#### Data records
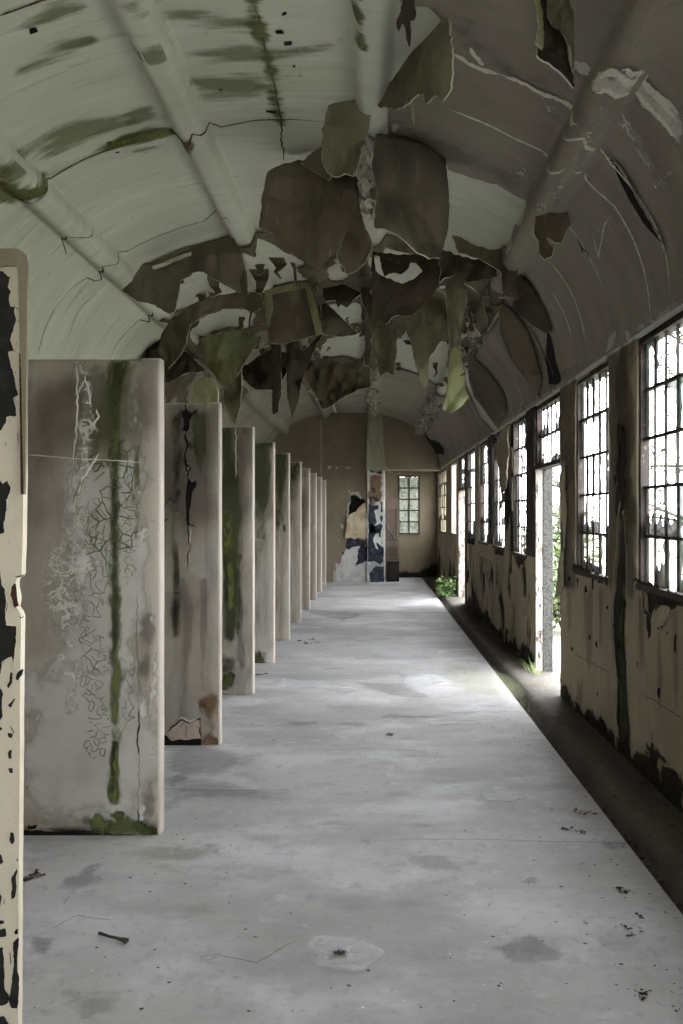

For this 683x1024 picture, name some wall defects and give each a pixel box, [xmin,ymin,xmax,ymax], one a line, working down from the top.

leakage [0,152,47,204]
leakage [41,108,181,156]
crack [0,5,324,255]
peeling [122,0,524,478]
crack [449,48,679,309]
peeling [0,270,19,432]
peeling [0,571,23,773]
leakage [24,361,158,822]
crack [78,439,140,821]
crack [182,404,198,568]
leakage [222,428,242,641]
peeling [0,920,19,1024]
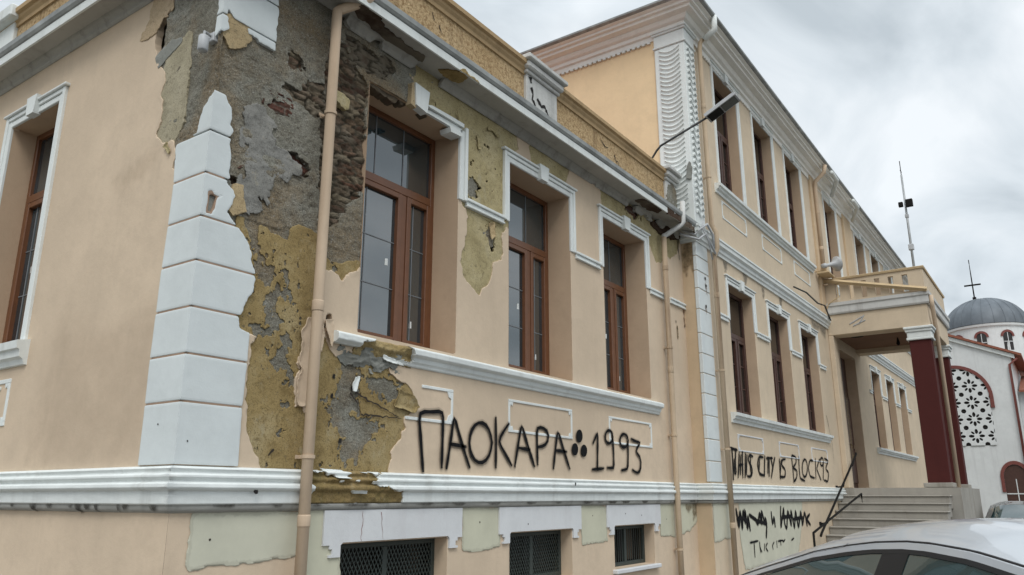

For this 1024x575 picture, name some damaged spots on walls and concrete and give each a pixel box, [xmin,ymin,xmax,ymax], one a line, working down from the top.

crack [529,77,549,116]
spalling [140,0,569,494]
spalling [600,190,680,263]
spalling [666,184,677,207]
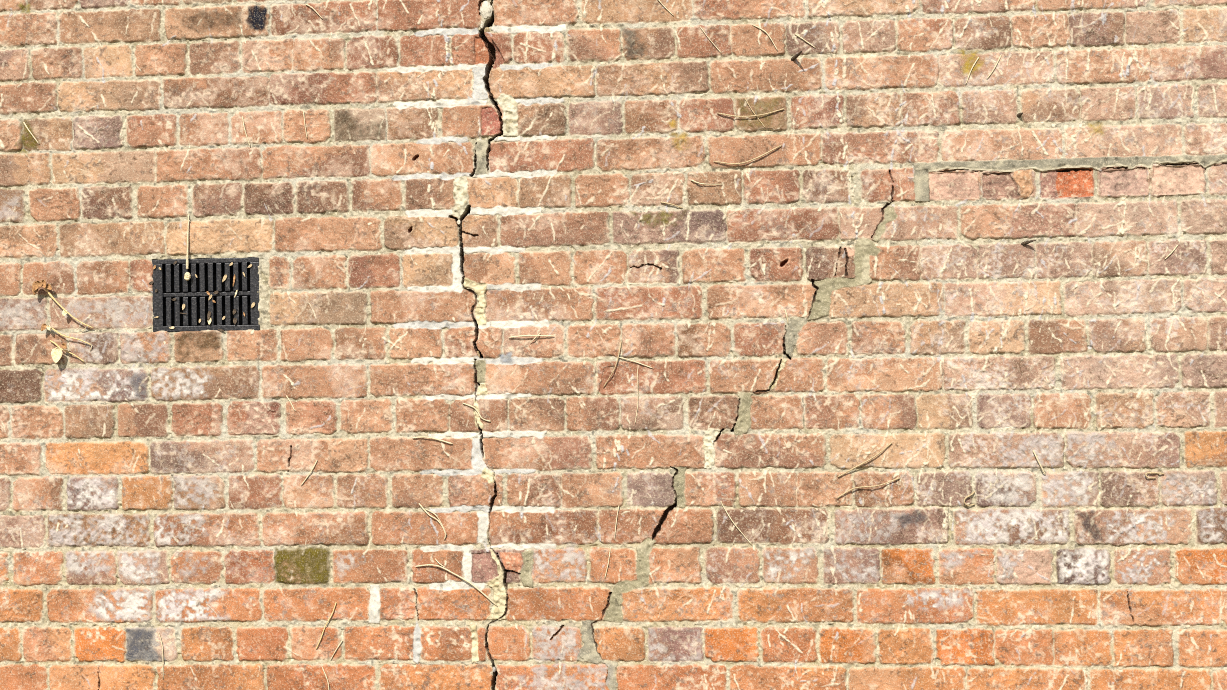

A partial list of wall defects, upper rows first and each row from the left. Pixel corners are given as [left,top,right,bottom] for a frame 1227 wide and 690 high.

crack [931,168,1012,176]
crack [1056,162,1227,172]
crack [630,262,662,270]
crack [713,169,895,443]
crack [448,0,521,690]
crack [652,466,679,541]
crack [550,592,612,683]
crack [1126,591,1134,623]
########
— Exercise goal —
Every record is to be reproduced exactly, with no pictures included.

— Solution for this exercise —
For this 683x1024 picture, name some wall defects and give each a pixel box, [xmin,ymin,xmax,ymax], one a line, working down from the top.

leakage [0,152,47,204]
leakage [41,108,181,156]
crack [0,5,324,255]
peeling [122,0,524,478]
crack [449,48,679,309]
peeling [0,270,19,432]
peeling [0,571,23,773]
leakage [24,361,158,822]
crack [78,439,140,821]
crack [182,404,198,568]
leakage [222,428,242,641]
peeling [0,920,19,1024]

For this 1024x575 picture, name some damaged spots on walls and concrete and give each a pixel box, [xmin,ymin,xmax,ymax], one a line, working down from the top.

crack [529,77,549,116]
spalling [140,0,569,494]
spalling [600,190,680,263]
spalling [666,184,677,207]

A partial list of wall defects, upper rows first and each row from the left. Pixel corners are given as [left,top,right,bottom] for a frame 1227 wide and 690 high.

crack [931,168,1012,176]
crack [1056,162,1227,172]
crack [630,262,662,270]
crack [713,169,895,443]
crack [448,0,521,690]
crack [652,466,679,541]
crack [550,592,612,683]
crack [1126,591,1134,623]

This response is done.